This staff advisory opinion is issued in response to your request dated June 10, 1996, for our views concerning the applicability of the Federal Trade Commission's Franchise Rule to your client's business arrangement.
According to your letter, Stewart's Restaurants is developing a mobile food trailer which will carry the "Stewart's" mark. The trailer will be fitted with special soft drink dispensing equipment built to Stewart's specifications. Stewart's intends to offer its mobile food trailers for sale. Financing for a trailer can be obtained either through Stewart's or a third party, at the purchaser's option.
Purchasers of a trailer will also enter into an agreement that restricts food sales. According to the agreement, purchasers can sell only food products approved by Stewart's, which can be purchased from any approved supplier. Purchasers will also be required to purchase the base for soft drinks from Stewart's. You note that the soft drink base will be sold at normal wholesale prices. You further state that there would be no royalty or initial or subsequent franchise fee.
According to your letter, purchasers would also have the right at any time to "de-identify" the trailer by removing all references to Stewart's from the trailer and soft drink dispensing equipment. In some circumstances, Stewart's would buy back the soda dispensing equipment at its fair market value.
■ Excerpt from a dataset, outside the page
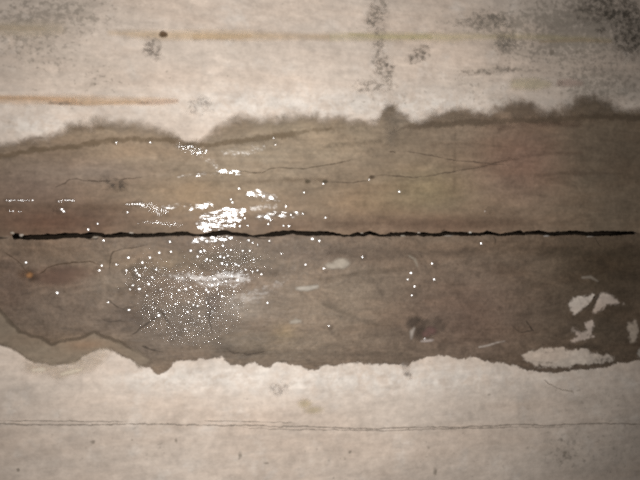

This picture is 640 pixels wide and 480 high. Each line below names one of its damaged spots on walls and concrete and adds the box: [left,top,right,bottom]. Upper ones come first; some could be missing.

crack [0,229,636,274]
water stain [0,96,640,375]

Similarly, if the purchaser no long wanted the trailer, Stewart's would consider repurchasing the trailer at its fair market value.
You now ask whether the sale of the trailer and the accompanying agreement constitutes the sale of a franchise under the Commission's Franchise Rule.
You should know that, as a matter of policy, the Commission's Franchise Rule enforcement staff will not issue any staff opinion on the ultimate issue whether, under a specific set of facts, a business relationship is covered by the Franchise Rule. We will, however, provide general guidance on the Franchise Rule that you may wish to consider in determining whether your business arrangement constitutes a franchise.
II. DEFINITION OF THE TERM "FRANCHISE"
We begin our analysis by noting that the term "franchise" refers to a continuing commercial relationship. According to your client's proposed agreement, purchasers of a trailer are required to purchase the base for the soft drinks from Stewart's. Under these facts, it appears that Stewart's and the trailer purchasers will have a continuing commercial relationship.
To be covered by the Franchise Rule, a business arrangement must also satisfy the three definitional elements of a "franchise"(1) set forth in the Rule: (1) the distribution of goods or services associated with the franchisor's trademark or trade name; (2) significant control of, or significant assistance to, the franchisee; and (3) a required payment of at least $500 within 6 months of signing of an agreement. 16 C.F.R. § 436.2(a)(1)(i). We address each of these elements below.
1. Distribution of Goods or Services Associated with the Franchisor's Trademark or Trade Name
The first definitional element is clearly satisfied. As noted above, the trailers and soda dispensing equipment will carry Stewart's mark. The fact that purchasers have the option to "de-identify" with Stewart's at some future point does not negate the fact that the purchasers acquire the right to associate with the Stewart's name.
2. Significant Control
As described in your letter, Stewart's appears to satisfy the second definition element by exercising control over how the purchasers of the trailer may operate their business. For instance, Stewart's apparently requires purchasers to buy the trailer from Stewart's. In addition, Stewart's requires that food be purchased from an approved supplier or meet Stewart's quality standards. in addition, purchasers must buy their soft drink base from Stewart's. These types of controls over the investor's business operation appear to be "significant."
3. Minimum Payment
Finally, it appears that the minimum payment requirement is satisfied as well. We first observe that Stewart's does not intend to charge any royalties or franchise fee. Nonetheless, it appears from your letter that Stewart's will charge for its mobile food trailer. The Commission has long held that all potential sources of revenue going to the franchisor as a result of the sale of a franchise will be construed as a required payment. This includes required purchases of equipment needed to commence the business. See Statement of Basis and Purpose, 43 Fed. Reg. 59614, 59703 (December 21, 1978). Although you do not disclose the sales price of the trailer in your letter, we can reasonably assume that the price exceeds $500.
Based upon the information you have provided, it appears that Stewart's may satisfy the three definitional elements of a "franchise" set out above. Please be advised that the views expressed in this letter are those of the FTC staff. They have not been reviewed, approved, or adopted by the Commission, and they are not binding upon the Commission. However, they do reflect the opinions of the staff members charged with enforcement of the Franchise Rule.
Date: July 19, 1996
Franchise Rule Staff
1. Another type of continuing commercial relationship covered by the Franchise Rule is the business opportunity venture. See 16 C.F.R. § 436.2(a)(1)(ii). Unlike a franchise, a business opportunity venture does not necessarily involve the use of the promoters' trademark or trade name. The most common types of business opportunity ventures are rack displays and vending machines routes.